By Hu Berry
Lichens on the surface of the earth are the same as the proverbial canary in the coal mine. When lichens die something is seriously wrong with the atmosphere. Their ability to absorb all dissolved substances, both desirable and undesirable, makes them ultra-sensitive indicators of polluted air. Growing in subtle profusion, they cover enormous areas of the Namib. Their abundance assures us that, for the present, our desert is relatively free of harmful matter.
Mutualism is a permanent union between two species where the interaction is necessary for the survival and growth of each. It has a meaningful implication – neither can survive without the other. So close is this bond that the marriage is known as a thallus, which is regarded by lichenologists as a single organism. Algae are the one partner, fungi the other in this entrenched relationship.

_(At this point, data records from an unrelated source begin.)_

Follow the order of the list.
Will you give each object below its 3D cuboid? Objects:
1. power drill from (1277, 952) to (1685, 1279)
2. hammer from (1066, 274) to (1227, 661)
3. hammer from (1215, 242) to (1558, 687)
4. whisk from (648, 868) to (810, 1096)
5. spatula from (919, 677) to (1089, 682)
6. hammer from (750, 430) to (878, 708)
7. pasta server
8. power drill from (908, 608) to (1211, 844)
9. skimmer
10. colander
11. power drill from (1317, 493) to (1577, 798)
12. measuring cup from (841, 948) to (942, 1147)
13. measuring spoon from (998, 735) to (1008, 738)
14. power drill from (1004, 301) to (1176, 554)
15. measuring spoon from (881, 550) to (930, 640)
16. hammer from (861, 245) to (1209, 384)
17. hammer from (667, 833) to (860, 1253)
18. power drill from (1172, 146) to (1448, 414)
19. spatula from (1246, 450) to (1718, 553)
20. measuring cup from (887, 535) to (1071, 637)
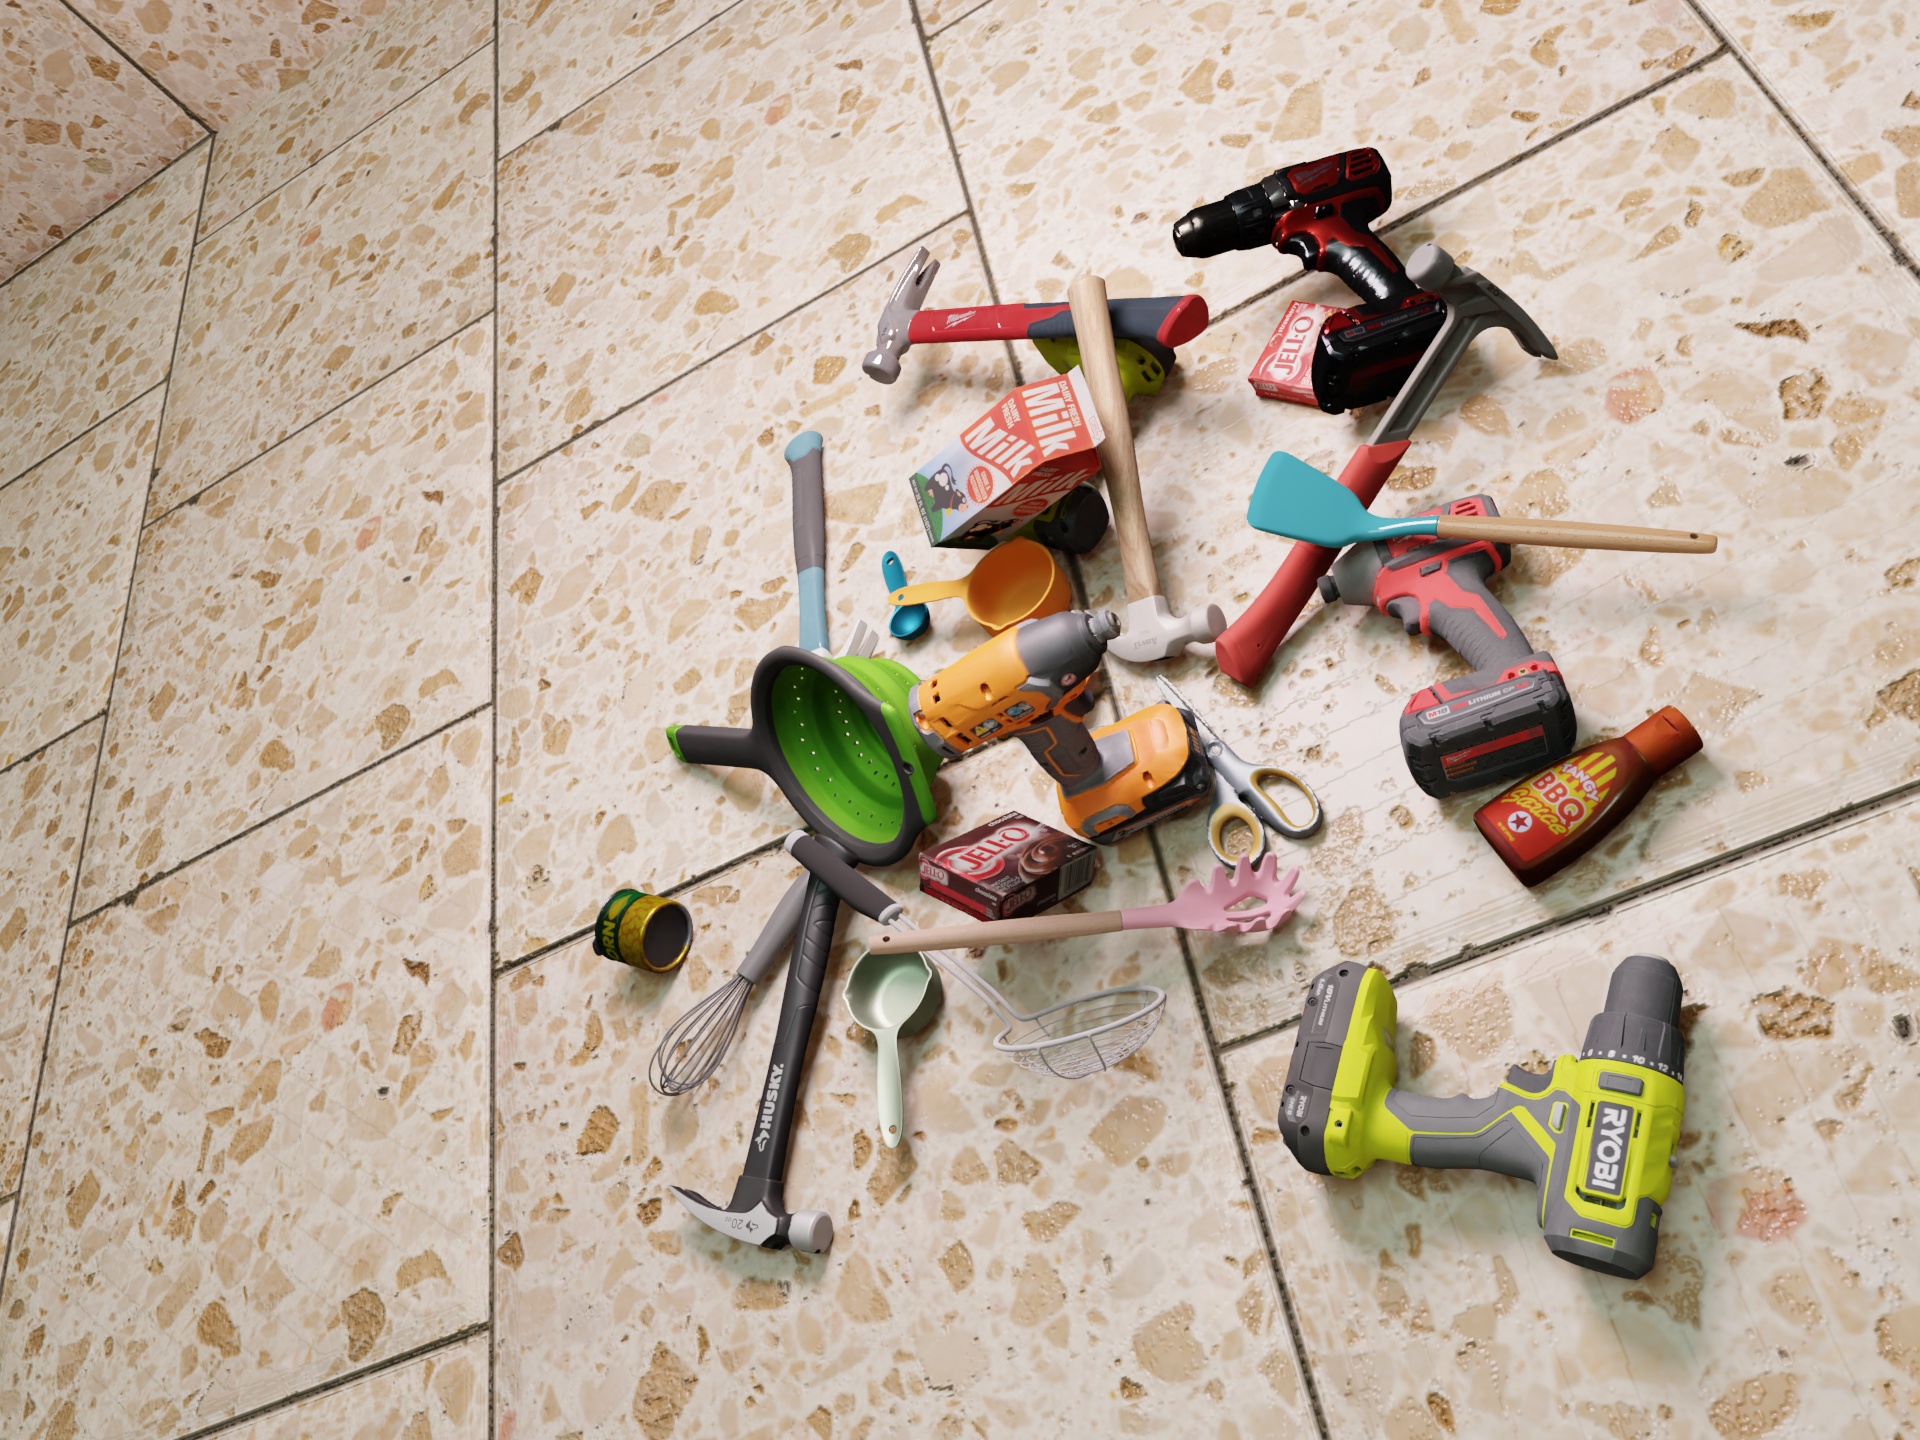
[{"bbox_3d":[0.332,0.225,1.000,0.228,0.080,0.191,6,67,32],"label":"power drill"},{"bbox_3d":[0.132,-0.210,1.329,0.130,0.031,0.331,-17,79,41],"label":"hammer"},{"bbox_3d":[0.318,-0.180,1.246,0.359,0.149,0.037,-58,26,5],"label":"hammer"},{"bbox_3d":[-0.183,0.216,1.350,0.055,0.055,0.239,23,72,39],"label":"whisk"},{"bbox_3d":[-0.034,-0.035,1.392,0.323,0.041,0.081,7,45,27],"label":"spatula"},{"bbox_3d":[-0.149,-0.154,1.560,0.128,0.033,0.331,-21,53,21],"label":"hammer"},{"bbox_3d":[0.090,0.143,1.155,0.316,0.040,0.060,-6,46,0],"label":"pasta server"},{"bbox_3d":[0.092,0.000,1.173,0.164,0.226,0.084,-30,49,26],"label":"power drill"},{"bbox_3d":[-0.006,0.157,1.214,0.364,0.127,0.090,33,124,34],"label":"skimmer"},{"bbox_3d":[-0.131,0.011,1.409,0.094,0.204,0.397,-33,22,-34],"label":"colander"},{"bbox_3d":[0.350,-0.060,1.159,0.143,0.078,0.220,-19,50,15],"label":"power drill"},{"bbox_3d":[-0.048,0.255,1.248,0.083,0.038,0.168,-18,57,23],"label":"measuring cup"},{"bbox_3d":[-0.002,-0.004,1.391,0.117,0.011,0.021,15,71,37],"label":"measuring spoon"},{"bbox_3d":[0.088,-0.266,1.452,0.171,0.080,0.223,17,76,41],"label":"power drill"},{"bbox_3d":[-0.053,-0.117,1.493,0.042,0.021,0.129,-32,41,13],"label":"measuring spoon"},{"bbox_3d":[0.068,-0.378,1.454,0.386,0.038,0.143,11,73,44],"label":"hammer"},{"bbox_3d":[-0.140,0.253,1.294,0.146,0.035,0.335,-2,66,31],"label":"hammer"},{"bbox_3d":[0.295,-0.370,1.327,0.188,0.080,0.227,-17,64,-1],"label":"power drill"},{"bbox_3d":[0.368,-0.144,1.139,0.317,0.044,0.082,8,54,27],"label":"spatula"},{"bbox_3d":[0.018,-0.106,1.415,0.174,0.052,0.095,-4,61,33],"label":"measuring cup"}]

Algae predominate on top of a thallus, changing sunlight via chlorophyll to manufacture nutrients. Underneath, fungi form the largest part of the thallus. Their function is to provide stable structural support for the fragile alga, reduce dehydration, and absorb minerals for feeding their partner. This enduring pact can shape the landscape and go so far as to disintegrate rocks through persistent biological erosion. No other organism can release minerals trapped in lifeless stone. No other organism can survive in environments that destroy other plants.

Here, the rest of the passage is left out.